Fig. 7.. Inhibiting CD44 and HA assembly using HA6 disrupts PCM expansion from the cell membrane.

(A) 3D-cultured WT chondrocytes were treated with HA6 from days 0 to 3. On day 4, the sample was collected and fixed. (B) PCM compartment of HA6-treated WT chondrocytes was reduced. n: The number of chondrocytes. Star: Mean values. Diamond: Each data point. Top and bottom lines of the box: SD. Middle line of the box: Median value.

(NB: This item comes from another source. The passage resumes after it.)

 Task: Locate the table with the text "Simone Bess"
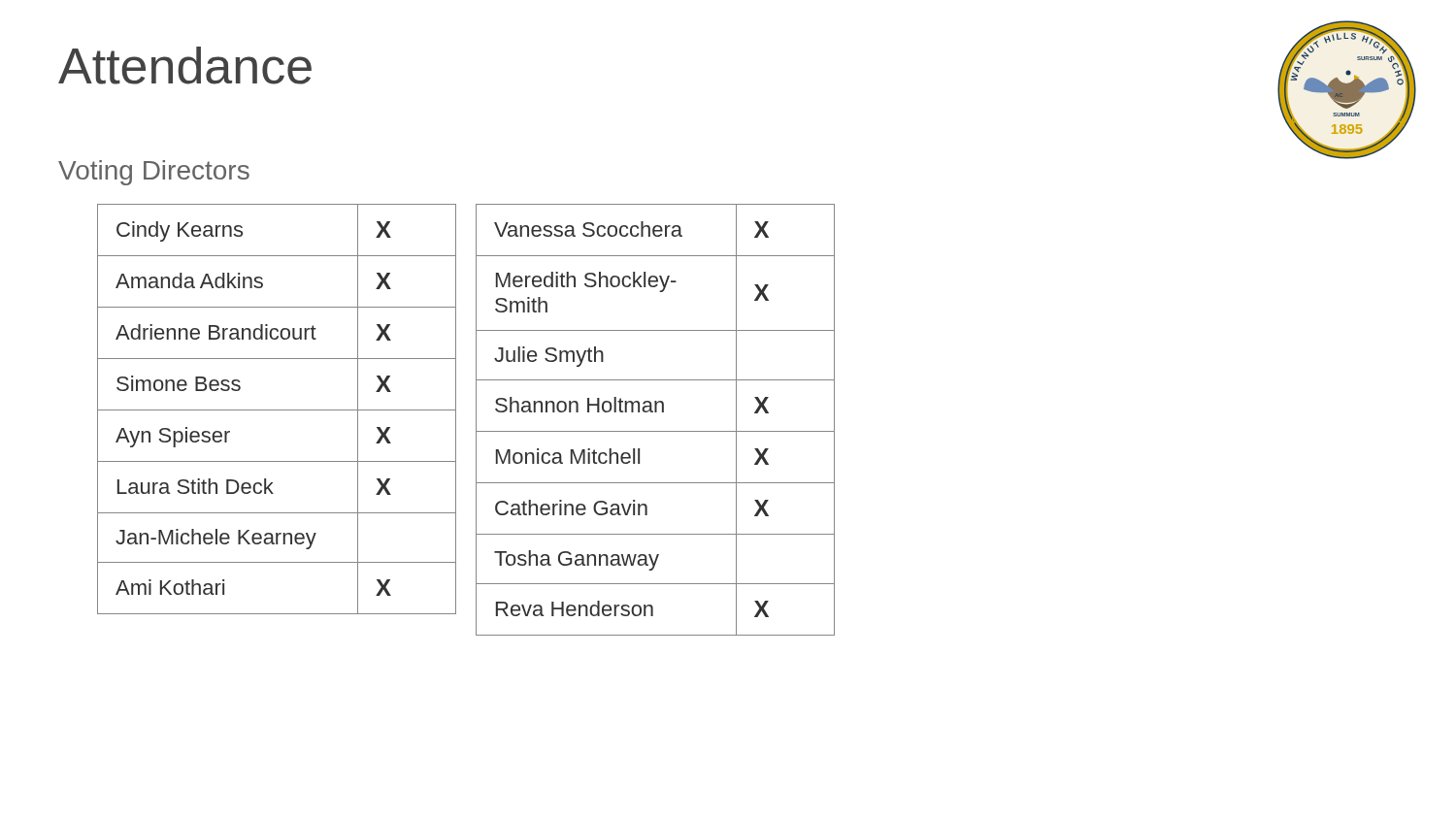(277, 420)
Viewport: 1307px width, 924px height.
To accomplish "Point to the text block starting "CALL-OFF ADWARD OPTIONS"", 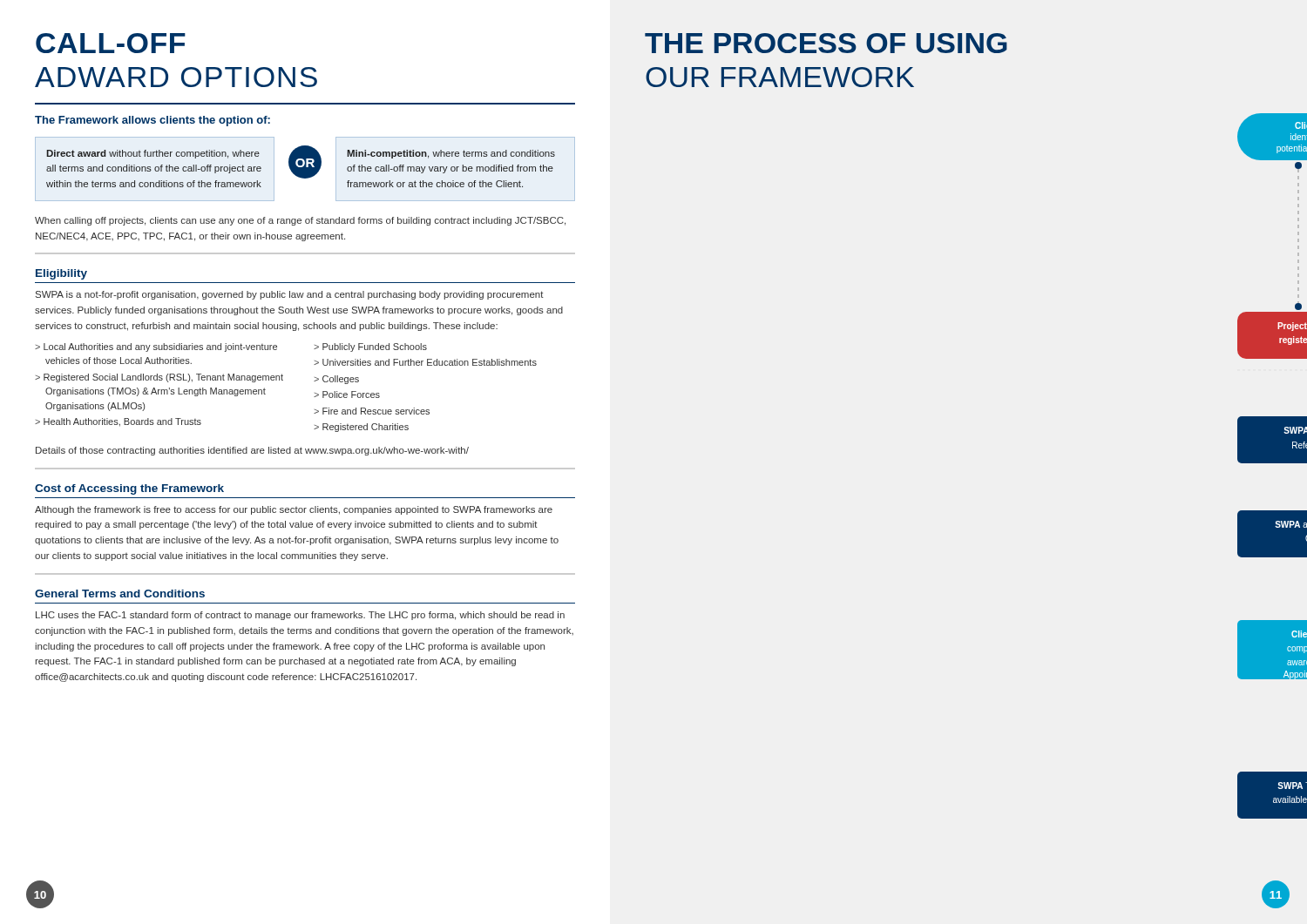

Blue: DAPI. Red: Col VI. Green: Actin. *P < 0.05. Data for WT and Acan^cmd/cmd chondrocytes are replicated from Fig. 6.

Fig. 8.. Effects of 4-methylumbelliferyl-β-d-xylopyranoside and sodium chlorate on PCM expansion.

(A) WT chondrocytes were treated with 4-methylumbelliferyl-β-d-xylopyranoside (4MUX), sodium chlorate (SC), or a combination of 4MUX and SC for 4 days. (B) Treatment with 4MUX and SC inhibits PCM expansion on day 4. Blue: DAPI. Red: Col VI. Green: Actin.

Fig. 9.. The effects of dynamic compression (1 hour/day, 1 Hz) on PCM deposition of WT, Itgb1^−/−, and Acan^cmd/cmd chondrocytes.

(A) Cell compression device actuated by pressurized air. The amount of compression was modulated by the diameter (D) of air chambers. (B) Cell compression device generated compressive strain (ε, 4 to 22%) as a function of the diameter of air chambers. (C) Chondrocytes were 3D-cultured in alginate hydrogels and assembled on the device on day 0. The samples were dynamically compressed at 1 Hz for 1 hour on days 1 to 3 and collected on day 4. (D) Photos of PCM deposition of WT, Itgb1^−/−, and Acan^cmd/cmd chondrocytes as a function of the magnitudes of compression. Blue: DAPI. Red: Col VI. Green: Actin. (E) The d of chondrocytes as a function of ε. The effects of compression on d were negligible on Acan^cmd/cmd chondrocytes as compared to noncompressed samples. n: The number of chondrocytes. Star: Mean values. Diamond: Each data point. Top and bottom lines of the box: SD. Middle line of the box: Median value. *P < 0.05.

Fig. 10.. Three-stage process governing the development of the PCM of chondrocytes.

The initial stage involves the export of collagen VI to the cell surface, followed by the assembly of collagen VI into a structured layer. Notably, high–molecular weight HA at the cell surface plays a crucial role in this assembly. The final stage encompasses the expansion of the collagen VI layer, facilitated by aggrecan. This expansion results in the formation of a gap between the cell membrane and the collagen VI shell, likely filled with HA-aggrecan complexes. Created with BioRender.com.